Catholic Medical Quarterly Volume 65(2) May 2015

Obituary

Vale Nicholas Tonti-Filippini

Nicholas Tonti-Filippini remembered for his faith, courage, scholarship and unquenchable zest for life.

Reproduced from Catholic Communications, Sydney Archdiocese, 7 Nov 2014

Prof Tonti-FilippiniProfessor Nicholas Tonti-Filippini

Dr Nicholas Tonti-Filippini, Australia's first hospital ethicist, prolific author, internationally acclaimed bio-ethicist and Associate Dean of the John Paul II Institute for Marriage and Family died this morning in Melbourne after a long and constant battle with ill health.

He was 58 and is survived by his wife, Mary and the couple's four children, Claire, Lucianne, Justin and John.

Today Catholics, academics, medical personnel, students and the  faculty at Melbourne's John Paul II Institute are in mourning, along with the many others whose lives he touched and inspired.

Following the sad news of his friend's passing Archbishop Anthony Fisher OP said; "As someone involved in founding the John Paul II Institute for Marriage and the Family I am deeply grateful for the tireless work Nick did as a Professor and Associate Dean at the Institute. He was genuinely loved and revered by the Institute's staff and students. They appreciated Nick's sharp intellect and extraordinary capacity for hard work, his courtesy and availability. His generosity was all the more astonishing given chronic pain and a condition which required regular hospitalisation, surgery and dialysis. Remarkably, even when exhausted by all that and in the midst of controversy, even vilification, sometimes by people who should be his friends, he remained courteous, humorous and focused on the ball rather than the player, on building the civilisation of life and love.
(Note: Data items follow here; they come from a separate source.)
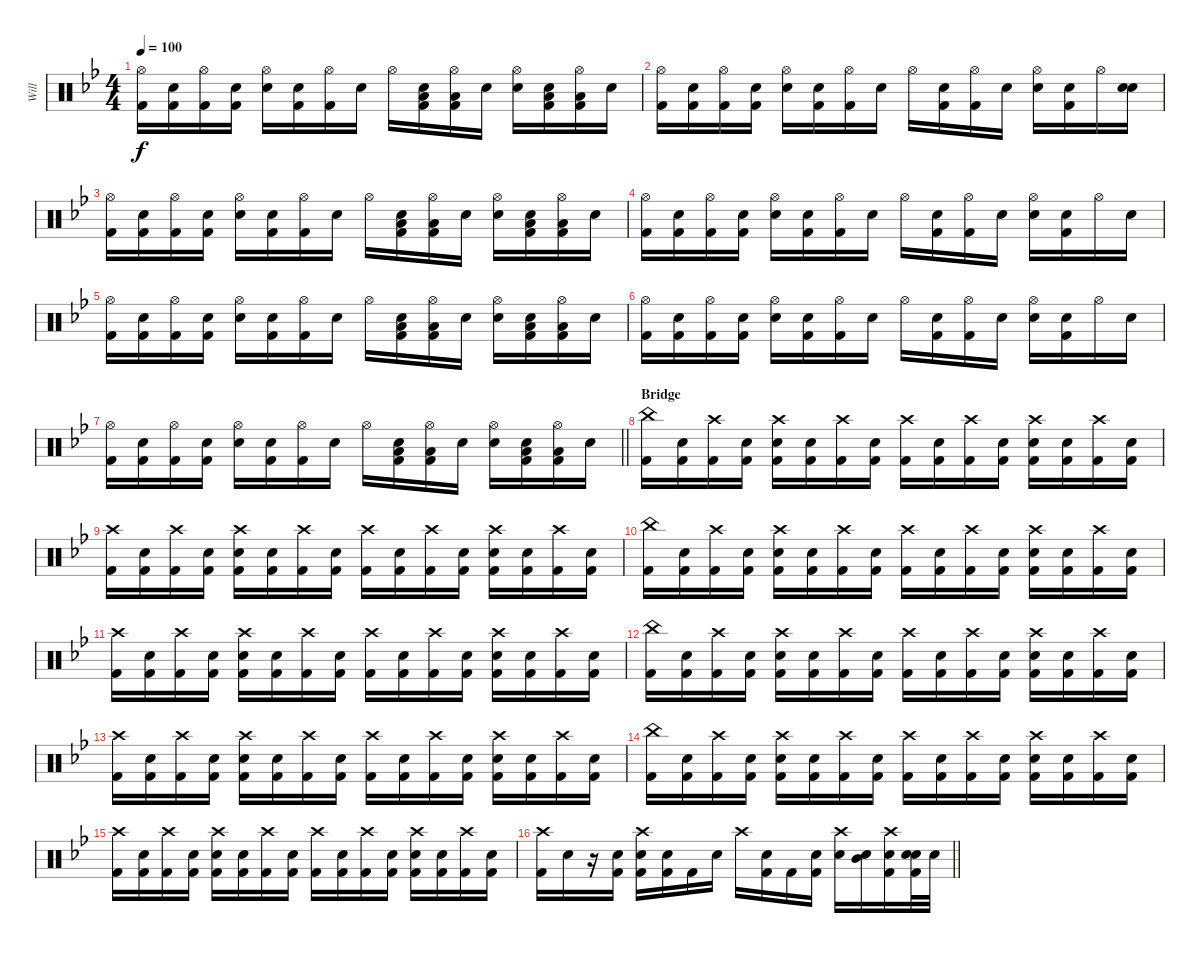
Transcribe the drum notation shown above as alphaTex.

\track ("Will" "Will") {instrument percussion}
\staff {score}
\articulation defaults
\ts (4 4)
\tempo 100
\clef neutral
\ks bb
("Hi-Hat (open)" "Kick (hit) 2").16{dy f} ("Snare (hit)" "Kick (hit) 2").16 ("Hi-Hat (open)" "Kick (hit) 2").16 ("Snare (hit)" "Kick (hit) 2").16 ("Hi-Hat (open)" "Electric Snare (hit)").16 ("Snare (hit)" "Kick (hit) 2").16 ("Hi-Hat (open)" "Kick (hit) 2").16 "Snare (hit)".16 "Hi-Hat (open)".16 ("Snare (hit)" "Low Tom (hit)" "Kick (hit) 2").16 ("Hi-Hat (open)" "Low Tom (hit)" "Kick (hit) 2").16 "Snare (hit)".16 ("Hi-Hat (open)" "Electric Snare (hit)").16 ("Snare (hit)" "Low Tom (hit)" "Kick (hit) 2").16 ("Hi-Hat (open)" "Low Tom (hit)" "Kick (hit) 2").16 "Snare (hit)".16 |
("Hi-Hat (open)" "Kick (hit) 2").16 ("Snare (hit)" "Kick (hit) 2").16 ("Hi-Hat (open)" "Kick (hit) 2").16 ("Snare (hit)" "Kick (hit) 2").16 ("Hi-Hat (open)" "Electric Snare (hit)").16 ("Snare (hit)" "Kick (hit) 2").16 ("Hi-Hat (open)" "Kick (hit) 2").16 "Snare (hit)".16 "Hi-Hat (open)".16 ("Snare (hit)" "Kick (hit) 2").16 ("Hi-Hat (open)" "Kick (hit) 2").16 "Snare (hit)".16 ("Hi-Hat (open)" "Electric Snare (hit)").16 ("Snare (hit)" "Kick (hit) 2").16 "Hi-Hat (open)".16 ("Snare (hit)" "Electric Snare (hit)").16 |
("Hi-Hat (open)" "Kick (hit) 2").16 ("Snare (hit)" "Kick (hit) 2").16 ("Hi-Hat (open)" "Kick (hit) 2").16 ("Snare (hit)" "Kick (hit) 2").16 ("Hi-Hat (open)" "Electric Snare (hit)").16 ("Snare (hit)" "Kick (hit) 2").16 ("Hi-Hat (open)" "Kick (hit) 2").16 "Snare (hit)".16 "Hi-Hat (open)".16 ("Snare (hit)" "Low Tom (hit)" "Kick (hit) 2").16 ("Hi-Hat (open)" "Low Tom (hit)" "Kick (hit) 2").16 "Snare (hit)".16 ("Hi-Hat (open)" "Electric Snare (hit)").16 ("Snare (hit)" "Low Tom (hit)" "Kick (hit) 2").16 ("Hi-Hat (open)" "Low Tom (hit)" "Kick (hit) 2").16 "Snare (hit)".16 |
("Hi-Hat (open)" "Kick (hit) 2").16 ("Snare (hit)" "Kick (hit) 2").16 ("Hi-Hat (open)" "Kick (hit) 2").16 ("Snare (hit)" "Kick (hit) 2").16 ("Hi-Hat (open)" "Electric Snare (hit)").16 ("Snare (hit)" "Kick (hit) 2").16 ("Hi-Hat (open)" "Kick (hit) 2").16 "Snare (hit)".16 "Hi-Hat (open)".16 ("Snare (hit)" "Kick (hit) 2").16 ("Hi-Hat (open)" "Kick (hit) 2").16 "Snare (hit)".16 ("Hi-Hat (open)" "Electric Snare (hit)").16 ("Snare (hit)" "Kick (hit) 2").16 "Hi-Hat (open)".16 "Snare (hit)".16 |
("Hi-Hat (open)" "Kick (hit) 2").16 ("Snare (hit)" "Kick (hit) 2").16 ("Hi-Hat (open)" "Kick (hit) 2").16 ("Snare (hit)" "Kick (hit) 2").16 ("Hi-Hat (open)" "Electric Snare (hit)").16 ("Snare (hit)" "Kick (hit) 2").16 ("Hi-Hat (open)" "Kick (hit) 2").16 "Snare (hit)".16 "Hi-Hat (open)".16 ("Snare (hit)" "Low Tom (hit)" "Kick (hit) 2").16 ("Hi-Hat (open)" "Low Tom (hit)" "Kick (hit) 2").16 "Snare (hit)".16 ("Hi-Hat (open)" "Electric Snare (hit)").16 ("Snare (hit)" "Low Tom (hit)" "Kick (hit) 2").16 ("Hi-Hat (open)" "Low Tom (hit)" "Kick (hit) 2").16 "Snare (hit)".16 |
("Hi-Hat (open)" "Kick (hit) 2").16 ("Snare (hit)" "Kick (hit) 2").16 ("Hi-Hat (open)" "Kick (hit) 2").16 ("Snare (hit)" "Kick (hit) 2").16 ("Hi-Hat (open)" "Electric Snare (hit)").16 ("Snare (hit)" "Kick (hit) 2").16 ("Hi-Hat (open)" "Kick (hit) 2").16 "Snare (hit)".16 "Hi-Hat (open)".16 ("Snare (hit)" "Kick (hit) 2").16 ("Hi-Hat (open)" "Kick (hit) 2").16 "Snare (hit)".16 ("Hi-Hat (open)" "Electric Snare (hit)").16 ("Snare (hit)" "Kick (hit) 2").16 "Hi-Hat (open)".16 "Snare (hit)".16 |
\barLineRight lightlight
("Hi-Hat (open)" "Kick (hit) 2").16 ("Snare (hit)" "Kick (hit) 2").16 ("Hi-Hat (open)" "Kick (hit) 2").16 ("Snare (hit)" "Kick (hit) 2").16 ("Hi-Hat (open)" "Electric Snare (hit)").16 ("Snare (hit)" "Kick (hit) 2").16 ("Hi-Hat (open)" "Kick (hit) 2").16 "Snare (hit)".16 "Hi-Hat (open)".16 ("Snare (hit)" "Low Tom (hit)" "Kick (hit) 2").16 ("Hi-Hat (open)" "Low Tom (hit)" "Kick (hit) 2").16 "Snare (hit)".16 ("Hi-Hat (open)" "Electric Snare (hit)").16 ("Snare (hit)" "Low Tom (hit)" "Kick (hit) 2").16 ("Hi-Hat (open)" "Low Tom (hit)" "Kick (hit) 2").16 "Snare (hit)".16 |
\section ("" "Bridge")
("China (hit)" "Kick (hit) 2").16 ("Snare (hit)" "Kick (hit) 2").16 ("Crash high (hit)" "Kick (hit) 2").16 ("Snare (hit)" "Kick (hit) 2").16 ("Crash high (hit)" "Electric Snare (hit)" "Kick (hit) 2").16 ("Snare (hit)" "Kick (hit) 2").16 ("Crash high (hit)" "Kick (hit) 2").16 ("Snare (hit)" "Kick (hit) 2").16 ("Crash high (hit)" "Kick (hit) 2").16 ("Snare (hit)" "Kick (hit) 2").16 ("Crash high (hit)" "Kick (hit) 2").16 ("Snare (hit)" "Kick (hit) 2").16 ("Crash high (hit)" "Electric Snare (hit)" "Kick (hit) 2").16 ("Snare (hit)" "Kick (hit) 2").16 ("Crash high (hit)" "Kick (hit) 2").16 ("Snare (hit)" "Kick (hit) 2").16 |
("Crash high (hit)" "Kick (hit) 2").16 ("Snare (hit)" "Kick (hit) 2").16 ("Crash high (hit)" "Kick (hit) 2").16 ("Snare (hit)" "Kick (hit) 2").16 ("Crash high (hit)" "Electric Snare (hit)" "Kick (hit) 2").16 ("Snare (hit)" "Kick (hit) 2").16 ("Crash high (hit)" "Kick (hit) 2").16 ("Snare (hit)" "Kick (hit) 2").16 ("Crash high (hit)" "Kick (hit) 2").16 ("Snare (hit)" "Kick (hit) 2").16 ("Crash high (hit)" "Kick (hit) 2").16 ("Snare (hit)" "Kick (hit) 2").16 ("Crash high (hit)" "Electric Snare (hit)" "Kick (hit) 2").16 ("Snare (hit)" "Kick (hit) 2").16 ("Crash high (hit)" "Kick (hit) 2").16 ("Snare (hit)" "Kick (hit) 2").16 |
("China (hit)" "Kick (hit) 2").16 ("Snare (hit)" "Kick (hit) 2").16 ("Crash high (hit)" "Kick (hit) 2").16 ("Snare (hit)" "Kick (hit) 2").16 ("Crash high (hit)" "Electric Snare (hit)" "Kick (hit) 2").16 ("Snare (hit)" "Kick (hit) 2").16 ("Crash high (hit)" "Kick (hit) 2").16 ("Snare (hit)" "Kick (hit) 2").16 ("Crash high (hit)" "Kick (hit) 2").16 ("Snare (hit)" "Kick (hit) 2").16 ("Crash high (hit)" "Kick (hit) 2").16 ("Snare (hit)" "Kick (hit) 2").16 ("Crash high (hit)" "Electric Snare (hit)" "Kick (hit) 2").16 ("Snare (hit)" "Kick (hit) 2").16 ("Crash high (hit)" "Kick (hit) 2").16 ("Snare (hit)" "Kick (hit) 2").16 |
("Crash high (hit)" "Kick (hit) 2").16 ("Snare (hit)" "Kick (hit) 2").16 ("Crash high (hit)" "Kick (hit) 2").16 ("Snare (hit)" "Kick (hit) 2").16 ("Crash high (hit)" "Electric Snare (hit)" "Kick (hit) 2").16 ("Snare (hit)" "Kick (hit) 2").16 ("Crash high (hit)" "Kick (hit) 2").16 ("Snare (hit)" "Kick (hit) 2").16 ("Crash high (hit)" "Kick (hit) 2").16 ("Snare (hit)" "Kick (hit) 2").16 ("Crash high (hit)" "Kick (hit) 2").16 ("Snare (hit)" "Kick (hit) 2").16 ("Crash high (hit)" "Electric Snare (hit)" "Kick (hit) 2").16 ("Snare (hit)" "Kick (hit) 2").16 ("Crash high (hit)" "Kick (hit) 2").16 ("Snare (hit)" "Kick (hit) 2").16 |
("China (hit)" "Kick (hit) 2").16 ("Snare (hit)" "Kick (hit) 2").16 ("Crash high (hit)" "Kick (hit) 2").16 ("Snare (hit)" "Kick (hit) 2").16 ("Crash high (hit)" "Electric Snare (hit)" "Kick (hit) 2").16 ("Snare (hit)" "Kick (hit) 2").16 ("Crash high (hit)" "Kick (hit) 2").16 ("Snare (hit)" "Kick (hit) 2").16 ("Crash high (hit)" "Kick (hit) 2").16 ("Snare (hit)" "Kick (hit) 2").16 ("Crash high (hit)" "Kick (hit) 2").16 ("Snare (hit)" "Kick (hit) 2").16 ("Crash high (hit)" "Electric Snare (hit)" "Kick (hit) 2").16 ("Snare (hit)" "Kick (hit) 2").16 ("Crash high (hit)" "Kick (hit) 2").16 ("Snare (hit)" "Kick (hit) 2").16 |
("Crash high (hit)" "Kick (hit) 2").16 ("Snare (hit)" "Kick (hit) 2").16 ("Crash high (hit)" "Kick (hit) 2").16 ("Snare (hit)" "Kick (hit) 2").16 ("Crash high (hit)" "Electric Snare (hit)" "Kick (hit) 2").16 ("Snare (hit)" "Kick (hit) 2").16 ("Crash high (hit)" "Kick (hit) 2").16 ("Snare (hit)" "Kick (hit) 2").16 ("Crash high (hit)" "Kick (hit) 2").16 ("Snare (hit)" "Kick (hit) 2").16 ("Crash high (hit)" "Kick (hit) 2").16 ("Snare (hit)" "Kick (hit) 2").16 ("Crash high (hit)" "Electric Snare (hit)" "Kick (hit) 2").16 ("Snare (hit)" "Kick (hit) 2").16 ("Crash high (hit)" "Kick (hit) 2").16 ("Snare (hit)" "Kick (hit) 2").16 |
("China (hit)" "Kick (hit) 2").16 ("Snare (hit)" "Kick (hit) 2").16 ("Crash high (hit)" "Kick (hit) 2").16 ("Snare (hit)" "Kick (hit) 2").16 ("Crash high (hit)" "Electric Snare (hit)" "Kick (hit) 2").16 ("Snare (hit)" "Kick (hit) 2").16 ("Crash high (hit)" "Kick (hit) 2").16 ("Snare (hit)" "Kick (hit) 2").16 ("Crash high (hit)" "Kick (hit) 2").16 ("Snare (hit)" "Kick (hit) 2").16 ("Crash high (hit)" "Kick (hit) 2").16 ("Snare (hit)" "Kick (hit) 2").16 ("Crash high (hit)" "Electric Snare (hit)" "Kick (hit) 2").16 ("Snare (hit)" "Kick (hit) 2").16 ("Crash high (hit)" "Kick (hit) 2").16 ("Snare (hit)" "Kick (hit) 2").16 |
("Crash high (hit)" "Kick (hit) 2").16 ("Snare (hit)" "Kick (hit) 2").16 ("Crash high (hit)" "Kick (hit) 2").16 ("Snare (hit)" "Kick (hit) 2").16 ("Crash high (hit)" "Electric Snare (hit)" "Kick (hit) 2").16 ("Snare (hit)" "Kick (hit) 2").16 ("Crash high (hit)" "Kick (hit) 2").16 ("Snare (hit)" "Kick (hit) 2").16 ("Crash high (hit)" "Kick (hit) 2").16 ("Snare (hit)" "Kick (hit) 2").16 ("Crash high (hit)" "Kick (hit) 2").16 ("Snare (hit)" "Kick (hit) 2").16 ("Crash high (hit)" "Electric Snare (hit)" "Kick (hit) 2").16 ("Snare (hit)" "Kick (hit) 2").16 ("Crash high (hit)" "Kick (hit) 2").16 ("Snare (hit)" "Kick (hit) 2").16 |
\barLineRight lightlight
("Crash high (hit)" "Kick (hit) 2").16 "Snare (hit)".16 r.16 ("Snare (hit)" "Kick (hit) 2").16 ("Crash high (hit)" "Electric Snare (hit)" "Kick (hit) 2").16 ("Snare (hit)" "Kick (hit) 2").16 "Kick (hit) 2".16 "Snare (hit)".16 "Crash high (hit)".16 ("Snare (hit)" "Kick (hit) 2").16 "Kick (hit) 2".16 ("Snare (hit)" "Kick (hit) 2").16 ("Crash high (hit)" "Electric Snare (hit)").16 ("Snare (hit)" "Mid Tom (hit)").16 ("Crash high (hit)" "Electric Snare (hit)" "Kick (hit) 2").16 ("Snare (hit)" "Electric Snare (hit)" "Kick (hit) 2").32 "Electric Snare (hit)".32

His ability to maintain good humour and respect in the midst of such challenges always inspired me. "

"I think that those of us who were privileged to be close to him thought he was completely sui generis - a kind of force of nature," Dr Tracey Rowland, Dean of the John Paul II Institute says adding that despite his ongoing long struggle with terminal illness, Dr Tonti-Filippini was teaching students and organising classes until mid October.

"He never complained about the fact he was in constant pain. Over the years he would be go into hospital for some major medical procedure and then would turn up at work two days later," she says and believes that perhaps it was because he suffered so much, that he was so spiritually deep.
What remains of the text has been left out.